Question: Question 2, 6.6.1 Part 1 of 4 In 2012, the population of a city was 6.07 million. The exponential…

Question 2, 6.6.1 Part 1 of 4 In 2012, the population of a city was 6.07 million. The exponential growth rate was 1.84% per year. a) Find the exponential growth function. b) Estimate the population of the city in 2018. c) When will the population of the city be 10 million? d) Find the doubling time. a) The exponential growth function is P(t) = _, where t is in terms of the number of years since 2012 and P(t) is the population in millions. (Type exponential notation with positive exponents. Do not simplify. Use integers or decimals for any numbers in the equation.)

Solution

In 2012, the population of a city was 6.07 million with an exponential growth rate of 1.84% per year. a) Find the exponential growth function. The exponential growth function is given by: \[ P(t) = P_0 \cdot (1 + r)^t \] where: - \( P_0 = 6.07 \) million (initial population in 2012), - \( r = 0.0184 \) (growth rate), - \( t \) is the time in years since 2012. Substitute the values: \[ P(t) = 6.07 \cdot (1 + 0.0184)^t \] \[ P(t) = 6.07 \cdot (1.0184)^t \] b) Estimate the population of the city in 2018. For 2018, \( t = 2018 - 2012 = 6 \). Substitute \( t = 6 \) into the exponential function: \[ P(6) = 6.07 \cdot (1.0184)^6 \] Calculate \( P(6) \): \[ P(6) \approx 6.07 \cdot 1.116 \] \[ P(6) \approx 6.77 \text{ million} \] c) When will the population of the city be 10 million? Set \( P(t) = 10 \) and solve for \( t \): \[ 10 = 6.07 \cdot (1.0184)^t \] Divide both sides by 6.07: \[ 1.647 \approx (1.0184)^t \] Take the natural logarithm of both sides: \[ \ln(1.647) \approx t \cdot \ln(1.0184) \] Solve for \( t \): \[ t \approx \frac{\ln(1.647)}{\ln(1.0184)} \] \[ t \approx 26.3 \text{ years} \] Therefore, the population will reach 10 million approximately 26 years after 2012, which would be around 2038. d) Find the doubling time.
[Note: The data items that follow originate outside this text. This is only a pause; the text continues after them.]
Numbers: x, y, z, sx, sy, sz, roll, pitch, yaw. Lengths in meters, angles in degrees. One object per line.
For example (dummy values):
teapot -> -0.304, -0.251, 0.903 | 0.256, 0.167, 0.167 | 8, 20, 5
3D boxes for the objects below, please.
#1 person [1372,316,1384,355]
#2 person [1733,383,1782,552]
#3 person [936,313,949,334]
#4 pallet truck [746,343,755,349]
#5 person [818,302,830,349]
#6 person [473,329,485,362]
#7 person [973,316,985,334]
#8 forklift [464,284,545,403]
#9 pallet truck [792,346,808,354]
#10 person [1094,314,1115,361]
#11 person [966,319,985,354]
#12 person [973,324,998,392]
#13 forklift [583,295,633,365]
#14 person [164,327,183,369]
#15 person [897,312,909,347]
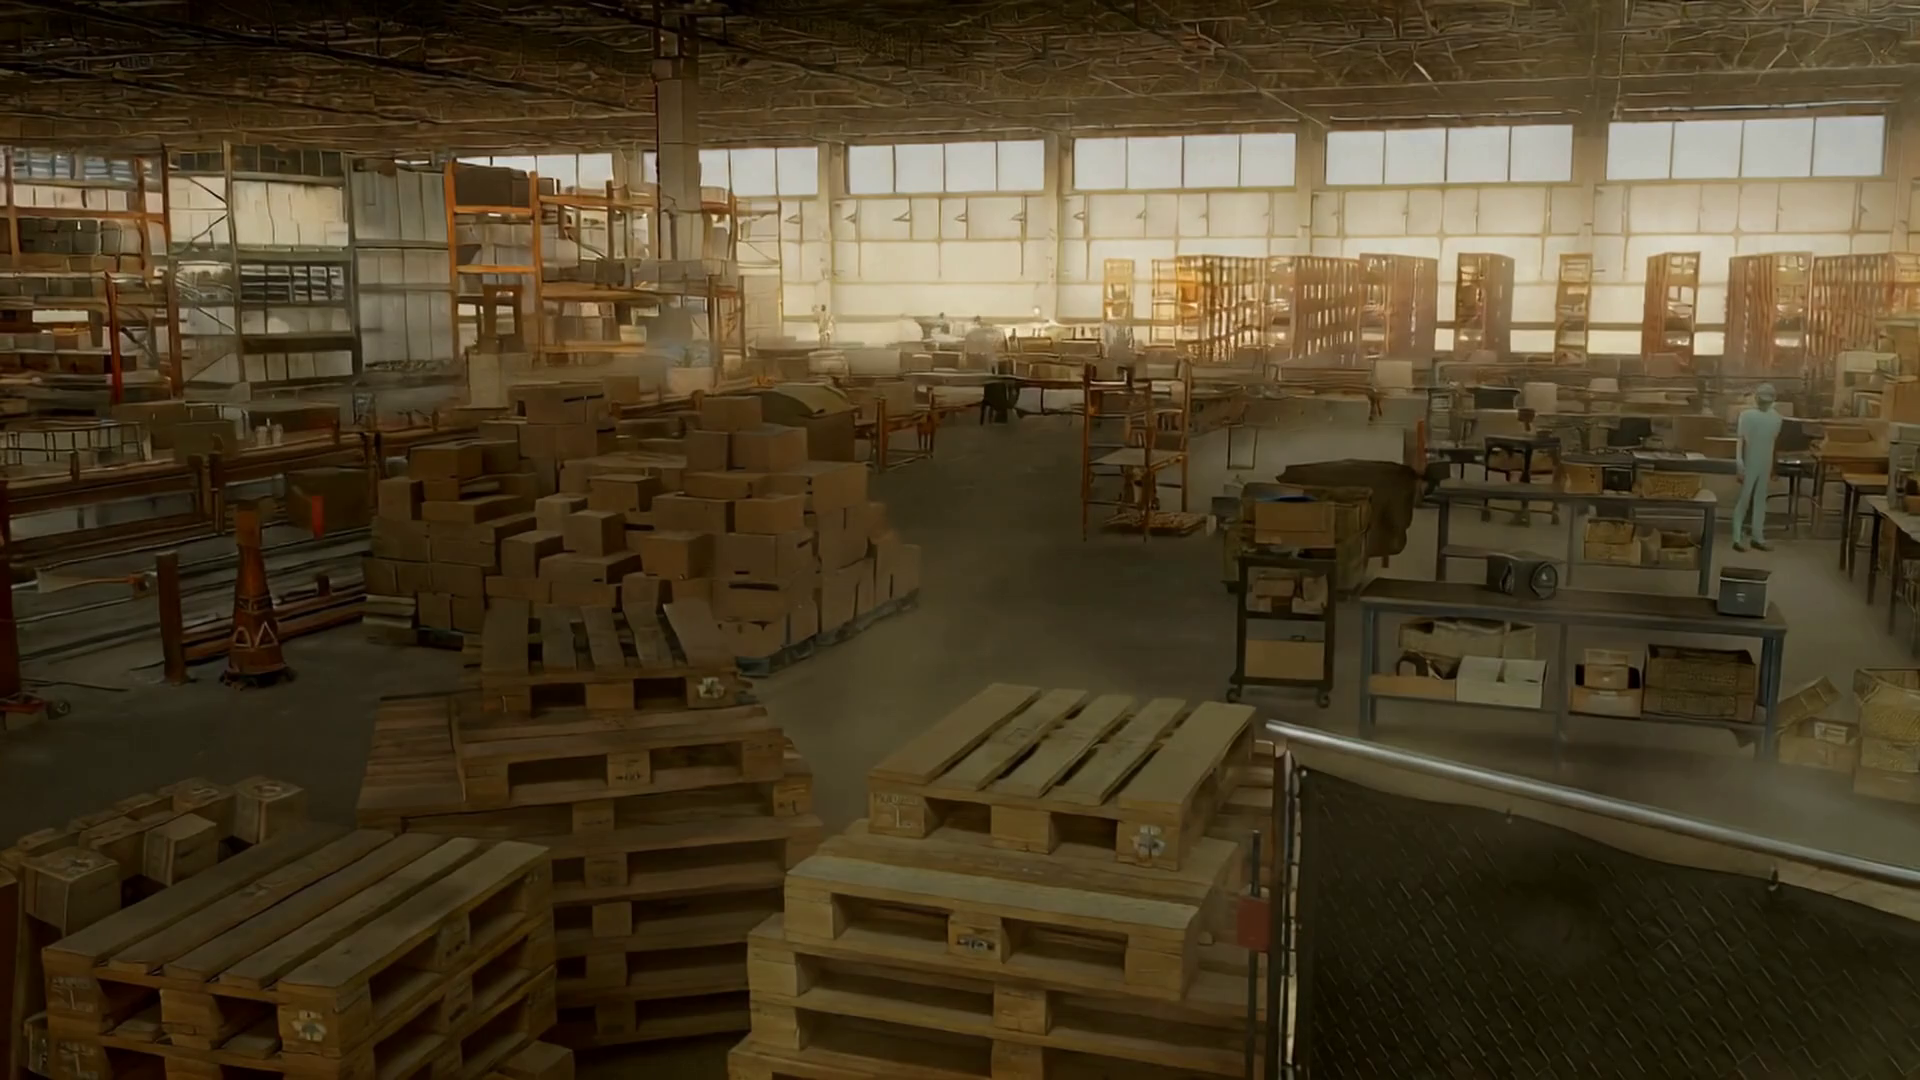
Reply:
person -> 13.938, -6.707, 55.590 | 0.506, 1.798, 0.626 | -5, 10, -28
person -> 8.770, -0.796, 18.269 | 0.514, 1.866, 0.329 | -1, 9, -7
person -> -0.545, -6.302, 52.894 | 0.374, 1.843, 0.568 | 6, 11, 33
pallet truck -> -6.183, -4.618, 44.264 | 1.601, 1.201, 0.680 | -9, 12, -43
person -> -5.570, -8.738, 67.888 | 0.340, 1.941, 0.551 | -8, 12, -41
person -> -12.033, -4.482, 41.962 | 0.320, 1.692, 0.536 | 7, 11, 37
person -> 0.632, -6.554, 54.994 | 0.866, 1.680, 0.587 | 8, 12, 41
forklift -> -10.832, -4.702, 39.610 | 1.129, 2.768, 1.873 | 3, 10, 20
pallet truck -> -3.705, -4.298, 42.022 | 0.653, 1.274, 1.630 | 3, 10, 20
person -> 4.303, -5.797, 49.601 | 0.655, 1.883, 0.537 | -3, 10, -20
person -> 0.453, -5.194, 45.980 | 0.592, 1.833, 0.404 | 5, 11, 30
person -> 0.595, -3.989, 38.142 | 0.856, 1.922, 0.601 | 2, 9, 14
forklift -> -10.230, -5.921, 47.264 | 1.129, 2.768, 1.873 | 3, 10, 20
person -> -20.354, -4.671, 42.968 | 0.548, 1.742, 0.654 | 5, 11, 31
person -> -2.109, -7.407, 60.264 | 0.592, 1.704, 0.504 | 7, 11, 37

The doubling time \( T \) can be found using the rule: \[ T = \frac{\ln(2)}{\ln(1 + r)} \] Substitute the growth rate: \[ T = \frac{\ln(2)}{\ln(1.0184)} \] Calculate \( T \): \[ T \approx \frac{0.693}{0.0183} \] \[ T \approx 37.9 \text{ years} \] The doubling time is approximately 38 years.